Once the pictures have been set aside, copy every remaining entry exactly.

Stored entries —
···

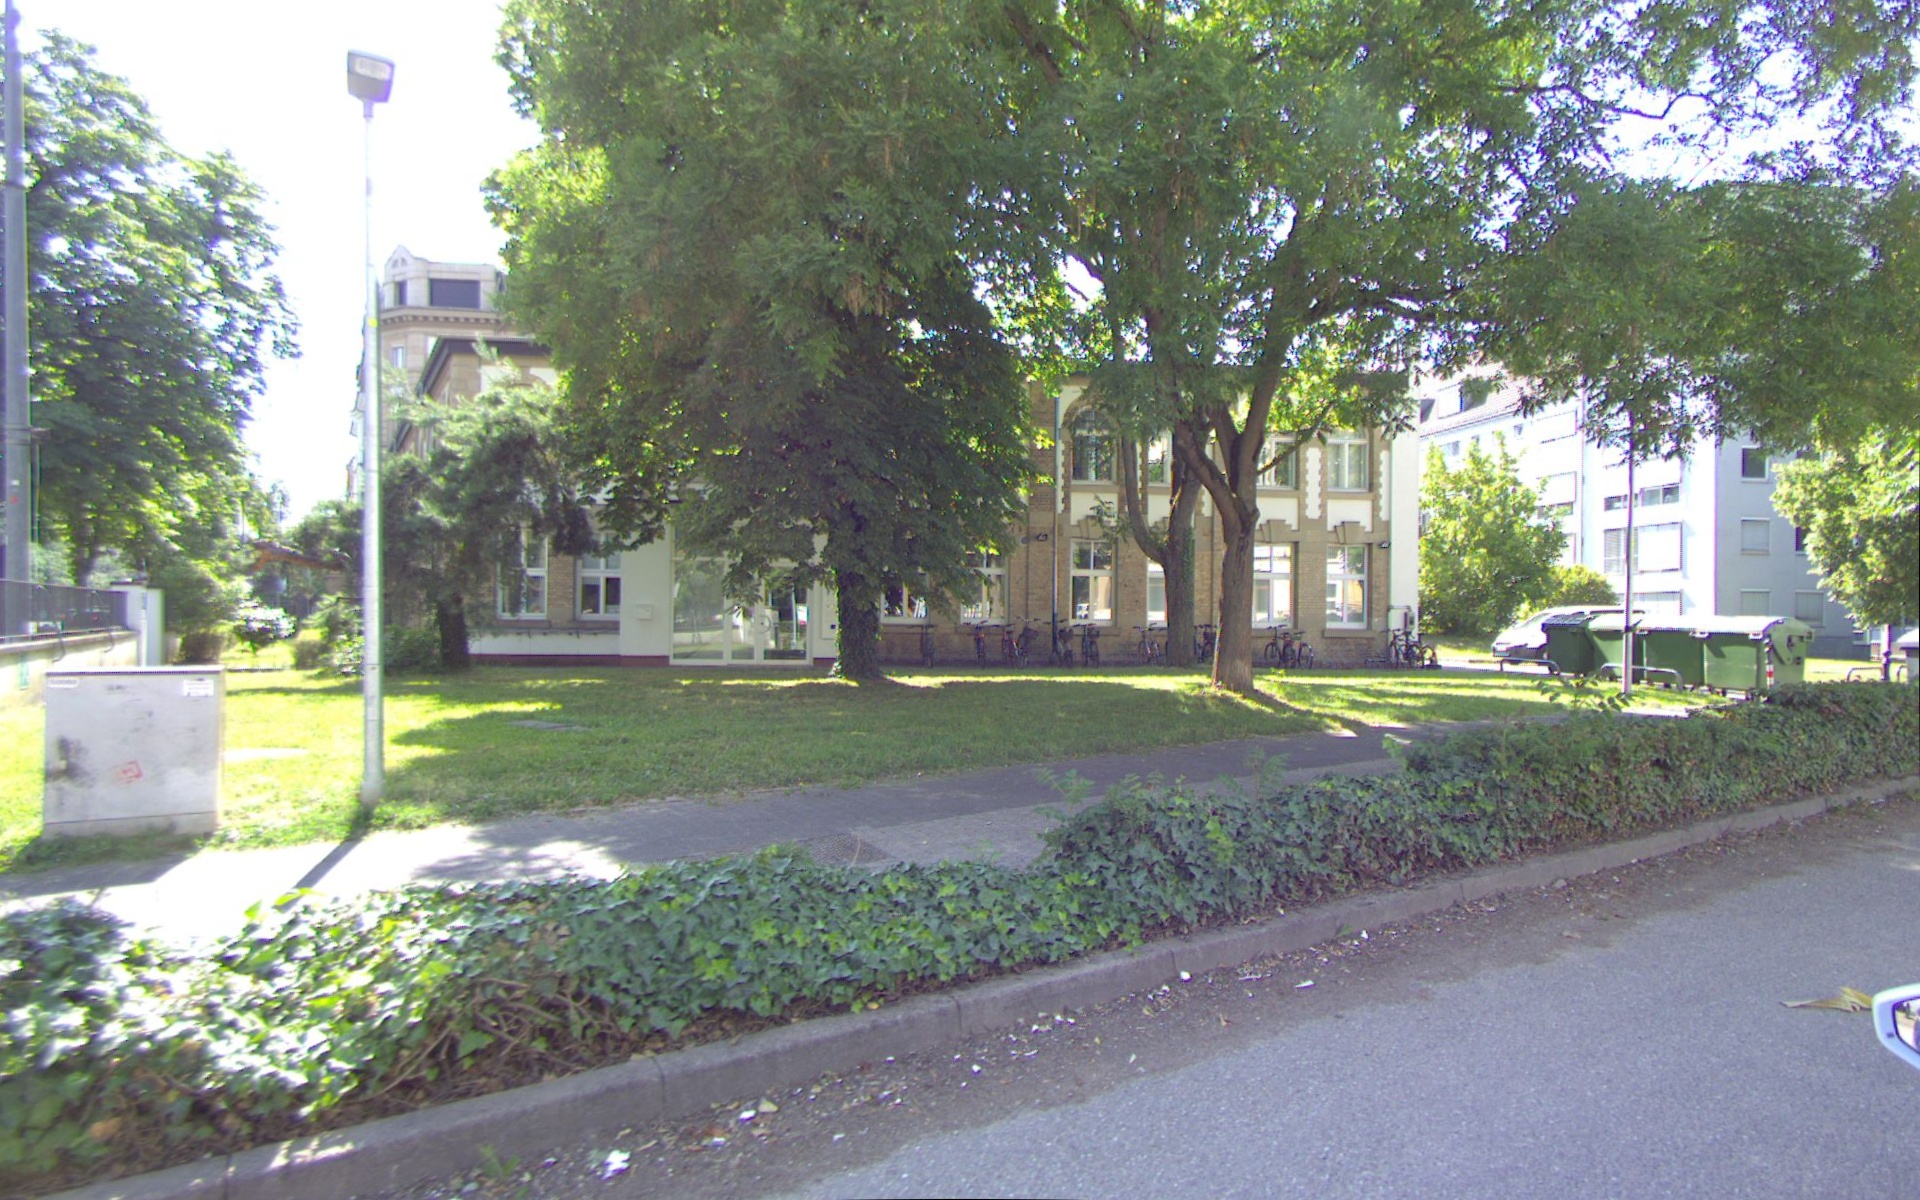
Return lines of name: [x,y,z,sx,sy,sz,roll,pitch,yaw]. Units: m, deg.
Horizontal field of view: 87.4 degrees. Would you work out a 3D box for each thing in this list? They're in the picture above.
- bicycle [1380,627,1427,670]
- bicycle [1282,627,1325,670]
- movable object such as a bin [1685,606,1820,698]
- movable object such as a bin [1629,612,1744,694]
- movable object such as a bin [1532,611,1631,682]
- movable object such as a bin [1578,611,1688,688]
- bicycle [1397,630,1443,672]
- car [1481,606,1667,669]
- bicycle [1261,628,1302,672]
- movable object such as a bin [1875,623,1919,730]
bicycle: [11.373,1.227,25.810,0.437,1.006,1.630,0,0,-2]
bicycle: [8.648,1.210,25.319,0.437,1.006,1.685,0,0,-2]
movable object such as a bin: [13.419,0.860,17.049,1.226,1.501,1.336,1,-1,-11]
movable object such as a bin: [13.321,0.953,18.452,1.228,1.450,1.219,1,-1,-16]
movable object such as a bin: [13.174,0.972,21.348,1.225,1.450,1.349,1,-1,-6]
movable object such as a bin: [13.264,0.958,19.840,1.225,1.450,1.365,1,-1,-6]
bicycle: [11.845,1.303,25.911,0.437,1.006,1.540,0,0,-2]
car: [20.074,1.211,32.961,4.944,1.959,1.999,1,-1,-4]
bicycle: [8.080,1.241,25.324,0.437,1.006,1.666,0,0,-2]
movable object such as a bin: [13.390,1.031,13.387,1.223,1.415,1.405,0,-1,13]

···

Your solution —
Return lines of name: [x,y,z,sx,sy,sz,roll,pitch,yaw]. Units: m, deg.
Horizontal field of view: 87.4 degrees. Would you work out a 3D box for each thing in this list? They're in the picture above.
- bicycle [1380,627,1427,670]
- bicycle [1282,627,1325,670]
- movable object such as a bin [1685,606,1820,698]
- movable object such as a bin [1629,612,1744,694]
- movable object such as a bin [1532,611,1631,682]
- movable object such as a bin [1578,611,1688,688]
- bicycle [1397,630,1443,672]
- car [1481,606,1667,669]
- bicycle [1261,628,1302,672]
- movable object such as a bin [1875,623,1919,730]
bicycle: [11.373,1.227,25.810,0.437,1.006,1.630,0,0,-2]
bicycle: [8.648,1.210,25.319,0.437,1.006,1.685,0,0,-2]
movable object such as a bin: [13.419,0.860,17.049,1.226,1.501,1.336,1,-1,-11]
movable object such as a bin: [13.321,0.953,18.452,1.228,1.450,1.219,1,-1,-16]
movable object such as a bin: [13.174,0.972,21.348,1.225,1.450,1.349,1,-1,-6]
movable object such as a bin: [13.264,0.958,19.840,1.225,1.450,1.365,1,-1,-6]
bicycle: [11.845,1.303,25.911,0.437,1.006,1.540,0,0,-2]
car: [20.074,1.211,32.961,4.944,1.959,1.999,1,-1,-4]
bicycle: [8.080,1.241,25.324,0.437,1.006,1.666,0,0,-2]
movable object such as a bin: [13.390,1.031,13.387,1.223,1.415,1.405,0,-1,13]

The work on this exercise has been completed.